Ringfort, Liss, Co. Galway

On a low rise in the rolling grassland of north County Galway, there is a ringfort that no longer exists in any visible form, yet has never quite disappeared from the record.

The site at Liss is now indistinguishable from the surrounding fields, its earthworks long since erased, but the Ordnance Survey mapped it clearly as recently as 1920, showing an oval enclosure roughly 60 metres by 50 metres, its outline traced by a curving field boundary on one side and by hachures, the cartographic shorthand for an earthen bank or slope, on the other. That kind of enclosure is the classic form of the Irish ringfort, a roughly circular or oval area enclosed by one or more earthen banks, used throughout the early medieval period as a farmstead and place of shelter. Within its limits, the same maps recorded a feature labelled simply as "Cave", almost certainly a souterrain, an underground passage or chamber built of stone, commonly found inside ringforts and used for storage or as a place of refuge.

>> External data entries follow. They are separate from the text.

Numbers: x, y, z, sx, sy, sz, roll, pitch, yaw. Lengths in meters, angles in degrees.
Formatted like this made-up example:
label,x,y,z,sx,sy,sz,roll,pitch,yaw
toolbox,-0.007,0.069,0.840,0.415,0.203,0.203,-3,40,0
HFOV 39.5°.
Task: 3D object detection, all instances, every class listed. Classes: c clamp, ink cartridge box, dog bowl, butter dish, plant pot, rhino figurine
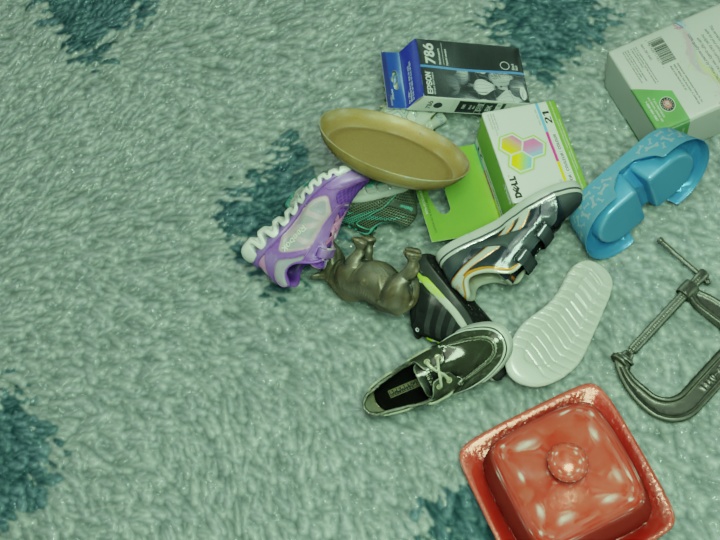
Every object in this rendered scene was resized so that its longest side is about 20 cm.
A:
label,x,y,z,sx,sy,sz,roll,pitch,yaw
c clamp,0.385,0.081,1.238,0.171,0.027,0.200,36,75,17
ink cartridge box,0.450,-0.256,1.341,0.200,0.084,0.145,-23,65,0
dog bowl,0.349,-0.102,1.274,0.200,0.112,0.050,-41,52,0
ink cartridge box,0.131,-0.267,1.389,0.199,0.039,0.100,0,65,-15
butter dish,0.231,0.231,1.128,0.200,0.148,0.200,-25,65,-2
plant pot,0.040,-0.151,1.269,0.199,0.028,0.200,15,27,-8
ink cartridge box,0.175,-0.129,1.317,0.199,0.076,0.148,-11,64,-9
rhino figurine,0.000,0.000,1.291,0.200,0.060,0.088,16,101,40

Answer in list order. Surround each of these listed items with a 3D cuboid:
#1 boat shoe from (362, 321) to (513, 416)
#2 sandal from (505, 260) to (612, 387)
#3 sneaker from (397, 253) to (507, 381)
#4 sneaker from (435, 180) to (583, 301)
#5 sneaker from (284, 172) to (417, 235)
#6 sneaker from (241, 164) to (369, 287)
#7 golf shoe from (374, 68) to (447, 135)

Both features have since vanished entirely from the ground. Agricultural activity, the gradual settling of earthworks, and centuries of ploughing can reduce even a substantial enclosure to nothing detectable by eye. What the 1920 map preserves is a kind of ghost outline, the last moment at which someone thought it worth recording at all. The place-name Liss is itself a clue to what once stood here; it derives from the Irish lios, one of the standard words for a ringfort, suggesting the enclosure was prominent enough in the local landscape to shape the name of the townland long after the structure itself had ceased to function.